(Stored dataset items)
□ □ □ □ □ □ □

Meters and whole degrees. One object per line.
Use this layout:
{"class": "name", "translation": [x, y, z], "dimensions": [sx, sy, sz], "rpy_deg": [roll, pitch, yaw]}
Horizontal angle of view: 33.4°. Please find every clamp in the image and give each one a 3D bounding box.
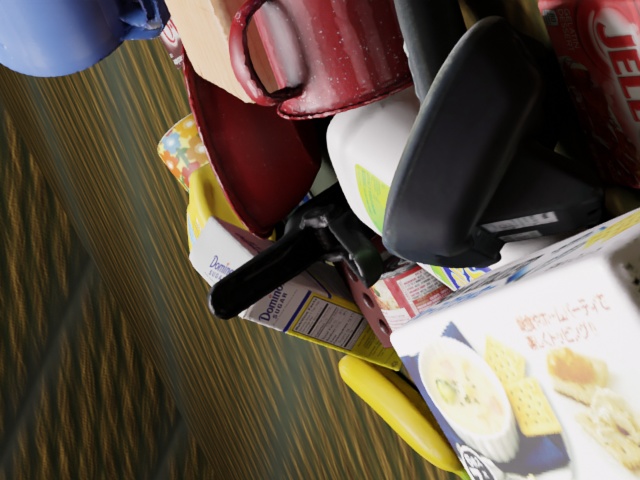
{"class": "clamp", "translation": [-0.005, 0.001, 0.713], "dimensions": [0.171, 0.120, 0.039], "rpy_deg": [-61, -43, -65]}

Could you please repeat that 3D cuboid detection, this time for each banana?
{"class": "banana", "translation": [0.068, 0.151, 0.965], "dimensions": [0.198, 0.037, 0.069], "rpy_deg": [42, 157, 43]}

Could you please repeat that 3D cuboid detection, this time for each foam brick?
{"class": "foam brick", "translation": [0.054, 0.031, 0.765], "dimensions": [0.078, 0.051, 0.053], "rpy_deg": [59, 164, -1]}

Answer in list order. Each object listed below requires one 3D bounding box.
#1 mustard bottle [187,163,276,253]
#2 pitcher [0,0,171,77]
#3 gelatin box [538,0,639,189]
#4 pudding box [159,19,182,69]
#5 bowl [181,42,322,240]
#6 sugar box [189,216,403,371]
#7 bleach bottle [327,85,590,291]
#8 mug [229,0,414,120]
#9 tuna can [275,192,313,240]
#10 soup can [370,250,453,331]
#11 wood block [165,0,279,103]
{"class": "mustard bottle", "translation": [-0.086, -0.001, 0.972], "dimensions": [0.096, 0.058, 0.192], "rpy_deg": [58, 164, 8]}
{"class": "pitcher", "translation": [-0.203, -0.227, 0.741], "dimensions": [0.243, 0.149, 0.145], "rpy_deg": [82, 165, -68]}
{"class": "gelatin box", "translation": [0.130, -0.061, 0.420], "dimensions": [0.073, 0.030, 0.089], "rpy_deg": [24, 143, 63]}
{"class": "pudding box", "translation": [-0.110, -0.192, 0.860], "dimensions": [0.090, 0.039, 0.114], "rpy_deg": [61, 163, -10]}
{"class": "bowl", "translation": [-0.040, -0.085, 0.756], "dimensions": [0.162, 0.055, 0.162], "rpy_deg": [-18, -90, -79]}
{"class": "sugar box", "translation": [-0.009, 0.043, 0.819], "dimensions": [0.175, 0.048, 0.093], "rpy_deg": [21, -166, -42]}
{"class": "bleach bottle", "translation": [0.108, 0.010, 0.557], "dimensions": [0.251, 0.068, 0.102], "rpy_deg": [42, 163, 39]}
{"class": "mug", "translation": [-0.001, -0.114, 0.563], "dimensions": [0.093, 0.117, 0.081], "rpy_deg": [10, 126, 53]}
{"class": "tuna can", "translation": [-0.031, -0.023, 0.942], "dimensions": [0.086, 0.033, 0.086], "rpy_deg": [51, 162, 23]}
{"class": "soup can", "translation": [0.081, 0.049, 0.693], "dimensions": [0.102, 0.068, 0.069], "rpy_deg": [61, 163, -10]}
{"class": "wood block", "translation": [-0.056, -0.196, 0.613], "dimensions": [0.091, 0.090, 0.206], "rpy_deg": [37, 153, 53]}
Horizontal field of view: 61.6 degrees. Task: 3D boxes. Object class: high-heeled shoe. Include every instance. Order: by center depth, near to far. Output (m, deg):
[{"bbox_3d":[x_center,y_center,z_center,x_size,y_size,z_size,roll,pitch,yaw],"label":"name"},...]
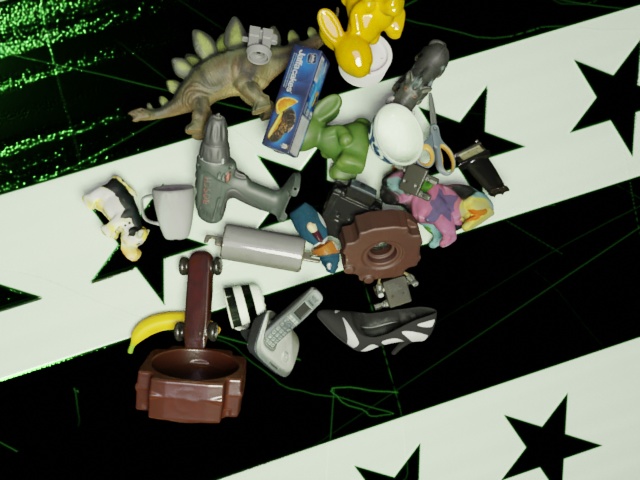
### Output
[{"bbox_3d":[0.128,0.165,1.140,0.248,0.086,0.145,27,113,-24],"label":"high-heeled shoe"}]

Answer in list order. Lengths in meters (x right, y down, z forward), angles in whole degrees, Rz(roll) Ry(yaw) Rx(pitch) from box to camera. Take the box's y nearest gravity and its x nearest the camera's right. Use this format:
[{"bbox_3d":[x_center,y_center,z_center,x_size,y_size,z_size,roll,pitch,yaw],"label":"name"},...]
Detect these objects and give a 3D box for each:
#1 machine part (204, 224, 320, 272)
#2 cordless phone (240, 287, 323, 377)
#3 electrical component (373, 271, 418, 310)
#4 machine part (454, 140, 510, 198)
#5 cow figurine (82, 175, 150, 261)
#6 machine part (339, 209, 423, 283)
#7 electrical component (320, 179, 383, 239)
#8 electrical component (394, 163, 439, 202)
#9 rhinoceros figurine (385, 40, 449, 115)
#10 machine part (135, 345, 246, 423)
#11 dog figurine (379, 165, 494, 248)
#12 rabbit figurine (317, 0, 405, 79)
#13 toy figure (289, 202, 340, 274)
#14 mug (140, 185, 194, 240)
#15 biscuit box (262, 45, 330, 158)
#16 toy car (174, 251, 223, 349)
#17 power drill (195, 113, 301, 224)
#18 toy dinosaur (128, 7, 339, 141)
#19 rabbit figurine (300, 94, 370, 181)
[{"bbox_3d":[-0.119,0.017,1.121,0.243,0.079,0.079,10,94,-5],"label":"machine part"},{"bbox_3d":[-0.057,0.182,1.116,0.184,0.089,0.146,-40,134,-3],"label":"cordless phone"},{"bbox_3d":[0.163,0.107,1.168,0.102,0.045,0.078,-11,95,-4],"label":"electrical component"},{"bbox_3d":[0.346,-0.149,1.144,0.084,0.039,0.139,-27,64,-8],"label":"machine part"},{"bbox_3d":[-0.399,-0.044,1.098,0.098,0.068,0.167,-35,98,-7],"label":"cow figurine"},{"bbox_3d":[0.123,0.015,1.092,0.179,0.056,0.179,-5,137,-5],"label":"machine part"},{"bbox_3d":[0.063,-0.060,1.112,0.115,0.058,0.134,21,124,-7],"label":"electrical component"},{"bbox_3d":[0.185,-0.118,1.067,0.094,0.021,0.063,27,108,11],"label":"electrical component"},{"bbox_3d":[0.201,-0.319,1.103,0.073,0.112,0.190,37,83,-9],"label":"rhinoceros figurine"},{"bbox_3d":[-0.251,0.283,1.069,0.201,0.201,0.087,8,97,-6],"label":"machine part"},{"bbox_3d":[0.235,-0.099,1.128,0.191,0.108,0.219,-34,94,-1],"label":"dog figurine"},{"bbox_3d":[0.074,-0.400,1.029,0.162,0.122,0.173,16,90,2],"label":"rabbit figurine"},{"bbox_3d":[-0.003,-0.002,1.085,0.058,0.064,0.154,-30,100,23],"label":"toy figure"},{"bbox_3d":[-0.308,-0.054,1.097,0.110,0.081,0.107,-6,104,-11],"label":"mug"},{"bbox_3d":[-0.046,-0.264,1.031,0.063,0.059,0.202,20,94,15],"label":"biscuit box"},{"bbox_3d":[-0.249,0.123,1.110,0.089,0.053,0.202,-2,76,4],"label":"toy car"},{"bbox_3d":[-0.146,-0.122,1.070,0.207,0.086,0.231,11,124,-19],"label":"power drill"},{"bbox_3d":[-0.156,-0.336,1.076,0.471,0.105,0.198,-21,92,-11],"label":"toy dinosaur"},{"bbox_3d":[0.015,-0.213,1.090,0.170,0.121,0.159,14,90,-7],"label":"rabbit figurine"}]
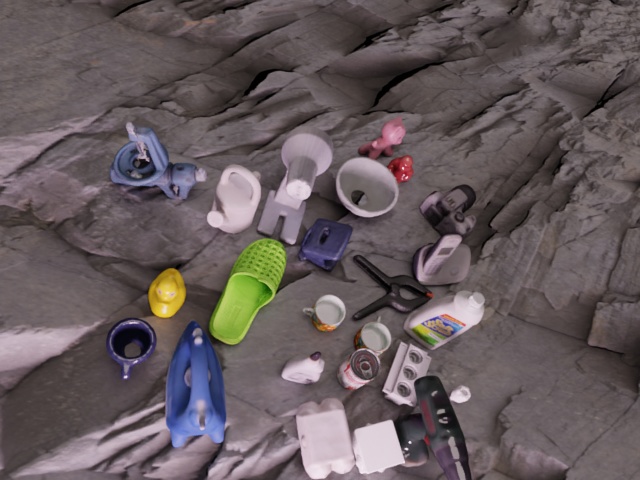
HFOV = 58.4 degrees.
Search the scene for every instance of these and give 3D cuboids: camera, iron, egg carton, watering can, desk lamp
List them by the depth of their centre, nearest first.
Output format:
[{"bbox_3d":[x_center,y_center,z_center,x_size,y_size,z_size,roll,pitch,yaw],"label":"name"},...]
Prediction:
[{"bbox_3d":[-0.240,0.261,1.116,0.119,0.141,0.258,-1,65,-18],"label":"iron"},{"bbox_3d":[0.009,0.403,1.168,0.107,0.069,0.150,-5,66,-20],"label":"egg carton"},{"bbox_3d":[-0.185,-0.094,1.278,0.101,0.194,0.173,16,61,-10],"label":"watering can"},{"bbox_3d":[-0.053,-0.130,1.327,0.118,0.213,0.203,18,61,-8],"label":"desk lamp"},{"bbox_3d":[0.362,-0.084,1.504,0.137,0.100,0.143,-33,78,-28],"label":"camera"}]

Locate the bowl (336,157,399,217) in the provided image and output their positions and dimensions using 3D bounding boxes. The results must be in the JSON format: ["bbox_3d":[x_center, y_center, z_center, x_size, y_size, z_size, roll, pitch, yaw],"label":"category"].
[{"bbox_3d":[0.111,-0.123,1.457,0.168,0.074,0.167,7,63,-14],"label":"bowl"}]

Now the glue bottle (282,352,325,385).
[{"bbox_3d":[-0.025,0.256,1.170,0.078,0.173,0.037,17,61,-9],"label":"glue bottle"}]

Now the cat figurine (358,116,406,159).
[{"bbox_3d":[0.177,-0.273,1.527,0.128,0.117,0.067,-34,78,-28],"label":"cat figurine"}]

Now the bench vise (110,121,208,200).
[{"bbox_3d":[-0.353,-0.184,1.254,0.208,0.219,0.121,-7,67,-20],"label":"bench vise"}]

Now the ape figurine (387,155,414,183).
[{"bbox_3d":[0.215,-0.192,1.514,0.078,0.092,0.076,16,61,-10],"label":"ape figurine"}]

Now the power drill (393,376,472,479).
[{"bbox_3d":[0.223,0.400,1.158,0.076,0.208,0.229,-3,66,-19],"label":"power drill"}]

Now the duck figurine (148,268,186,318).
[{"bbox_3d":[-0.319,0.102,1.201,0.077,0.086,0.104,14,61,-11],"label":"duck figurine"}]

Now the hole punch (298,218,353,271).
[{"bbox_3d":[0.012,0.005,1.353,0.101,0.091,0.109,27,60,-3],"label":"hole punch"}]

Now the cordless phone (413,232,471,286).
[{"bbox_3d":[0.315,0.036,1.380,0.148,0.185,0.094,-5,66,-20],"label":"cordless phone"}]

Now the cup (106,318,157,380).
[{"bbox_3d":[-0.370,0.222,1.121,0.092,0.095,0.118,7,63,-14],"label":"cup"}]
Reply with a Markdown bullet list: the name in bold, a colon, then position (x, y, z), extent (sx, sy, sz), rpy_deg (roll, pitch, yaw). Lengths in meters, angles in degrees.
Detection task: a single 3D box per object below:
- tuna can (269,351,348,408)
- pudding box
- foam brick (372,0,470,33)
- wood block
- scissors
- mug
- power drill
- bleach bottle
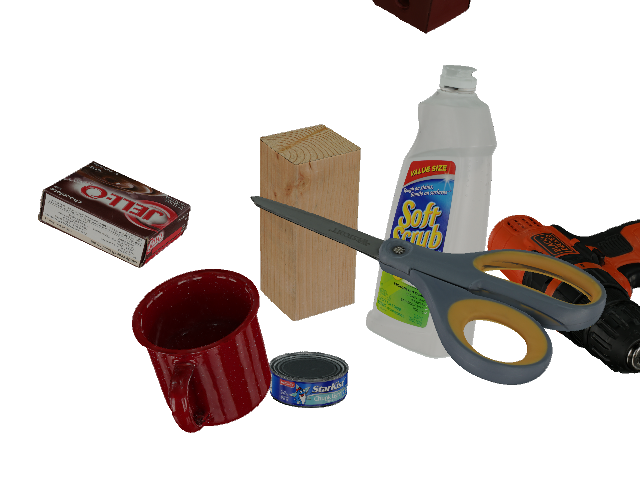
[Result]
- **tuna can**: position (-0.013, 0.150, 1.153), extent (0.086, 0.034, 0.086), rpy_deg (2, 14, -1)
- **pudding box**: position (-0.191, -0.026, 0.997), extent (0.113, 0.039, 0.090), rpy_deg (22, 26, 11)
- **foam brick**: position (0.075, -0.194, 0.738), extent (0.053, 0.078, 0.051), rpy_deg (36, 54, 25)
- **wood block**: position (-0.015, -0.021, 1.275), extent (0.090, 0.206, 0.090), rpy_deg (-15, 32, -27)
- **scissors**: position (0.042, 0.022, 0.548), extent (0.202, 0.016, 0.096), rpy_deg (11, 42, 15)
- **mug**: position (-0.084, 0.088, 0.772), extent (0.093, 0.081, 0.117), rpy_deg (-3, 36, 11)
- **power drill**: position (0.232, 0.021, 0.739), extent (0.187, 0.057, 0.184), rpy_deg (-9, 28, -15)
- **bleach bottle**: position (0.101, -0.029, 0.942), extent (0.067, 0.251, 0.103), rpy_deg (-10, 23, -40)
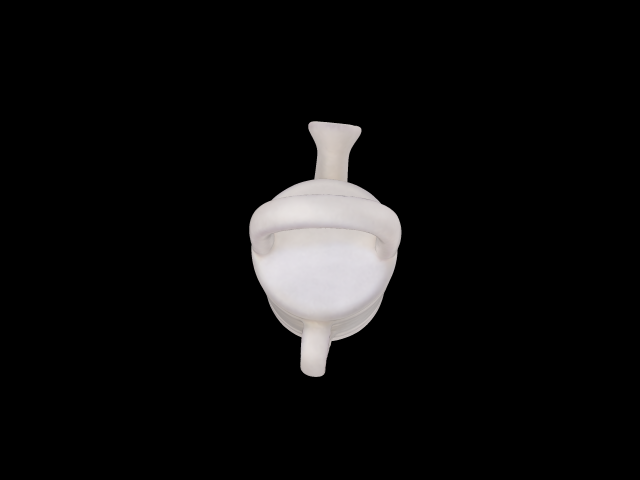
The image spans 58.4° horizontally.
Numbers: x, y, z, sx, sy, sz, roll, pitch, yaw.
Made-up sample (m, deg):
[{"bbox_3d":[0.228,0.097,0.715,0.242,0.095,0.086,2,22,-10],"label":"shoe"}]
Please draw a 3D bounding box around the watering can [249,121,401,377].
[{"bbox_3d":[0.001,0.001,0.400,0.101,0.194,0.173,-16,73,-5],"label":"watering can"}]
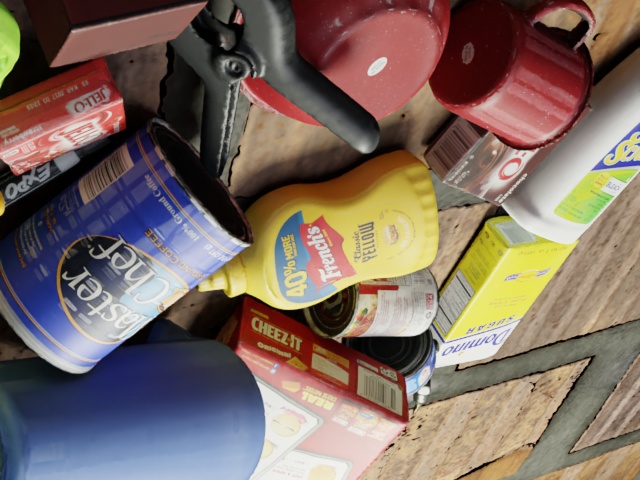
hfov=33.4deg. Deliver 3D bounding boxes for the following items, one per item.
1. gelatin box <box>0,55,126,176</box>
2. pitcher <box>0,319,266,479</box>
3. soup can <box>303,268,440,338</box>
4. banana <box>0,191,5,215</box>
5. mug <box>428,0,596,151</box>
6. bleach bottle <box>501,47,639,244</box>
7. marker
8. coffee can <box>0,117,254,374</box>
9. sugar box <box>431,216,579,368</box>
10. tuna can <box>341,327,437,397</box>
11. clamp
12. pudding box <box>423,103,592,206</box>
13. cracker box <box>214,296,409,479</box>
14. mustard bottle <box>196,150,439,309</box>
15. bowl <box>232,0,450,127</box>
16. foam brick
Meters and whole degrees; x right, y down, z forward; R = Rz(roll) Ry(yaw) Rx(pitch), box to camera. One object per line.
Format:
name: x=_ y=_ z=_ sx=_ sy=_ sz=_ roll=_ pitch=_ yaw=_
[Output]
gelatin box: x=-0.148 y=-0.068 z=0.604 sx=0.073 sy=0.030 sz=0.089 roll=-25 pitch=-179 yaw=-11
pitcher: x=-0.154 y=0.147 z=0.748 sx=0.242 sy=0.149 sz=0.145 roll=5 pitch=113 yaw=-57
soup can: x=0.044 y=0.049 z=0.909 sx=0.102 sy=0.068 sz=0.069 roll=4 pitch=133 yaw=-42
banana: x=-0.271 y=0.019 z=0.596 sx=0.198 sy=0.037 sz=0.069 roll=-35 pitch=157 yaw=9
mug: x=0.137 y=-0.124 z=0.738 sx=0.081 sy=0.093 sz=0.117 roll=16 pitch=135 yaw=-42
bleach bottle: x=0.258 y=-0.109 z=0.881 sx=0.102 sy=0.068 sz=0.251 roll=15 pitch=123 yaw=-48
marker: x=-0.180 y=-0.040 z=0.662 sx=0.121 sy=0.020 sz=0.020 roll=-31 pitch=146 yaw=-1
coffee can: x=-0.128 y=0.004 z=0.684 sx=0.140 sy=0.103 sz=0.102 roll=-37 pitch=146 yaw=8
sugar box: x=0.164 y=0.050 z=1.024 sx=0.093 sy=0.048 sz=0.176 roll=-6 pitch=137 yaw=-33
tuna can: x=0.062 y=0.101 z=0.972 sx=0.086 sy=0.086 sz=0.034 roll=-26 pitch=145 yaw=-8
clamp: x=-0.034 y=-0.107 z=0.623 sx=0.120 sy=0.039 sz=0.171 roll=-5 pitch=134 yaw=13
pudding box: x=0.148 y=-0.086 z=0.842 sx=0.114 sy=0.039 sz=0.089 roll=-47 pitch=143 yaw=21
cracker box: x=-0.048 y=0.169 z=0.931 sx=0.164 sy=0.072 sz=0.214 roll=27 pitch=122 yaw=-16
mustard bottle: x=-0.005 y=0.001 z=0.811 sx=0.191 sy=0.058 sz=0.096 roll=-18 pitch=123 yaw=-17
bowl: x=0.025 y=-0.125 z=0.682 sx=0.162 sy=0.055 sz=0.162 roll=-21 pitch=144 yaw=-16
foam brick: x=-0.108 y=-0.128 z=0.549 sx=0.078 sy=0.051 sz=0.053 roll=-21 pitch=177 yaw=-30
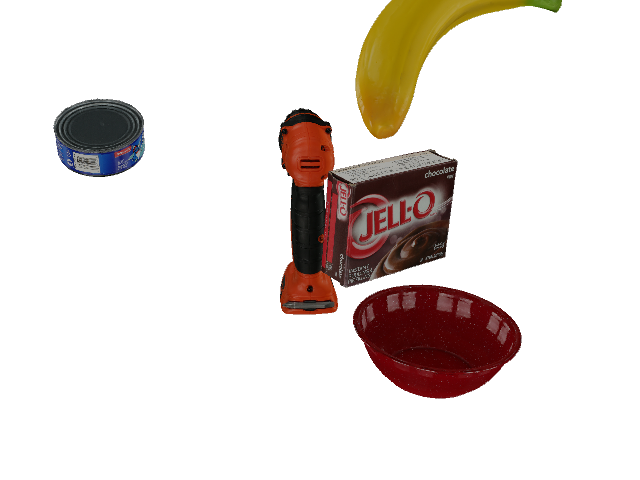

□ □ □ □ □ □ □

(What the task requires):
Pull out every line of the records that includes the string "forward".

(Output of the exercise):
Answer in list order. Lengths in meters (x right, y down, z forward), angles in whole degrees, Rz(roll) Ry(yaw) Rx(pitch) from box to camera. Take the box's y nearest gravity and its x nearest the camera's right. Use this format:
Meters and whole degrees; x right, y down, z forward; R = Rz(roll) Ry(yaw) Rx(pitch), box to camera. One object per line.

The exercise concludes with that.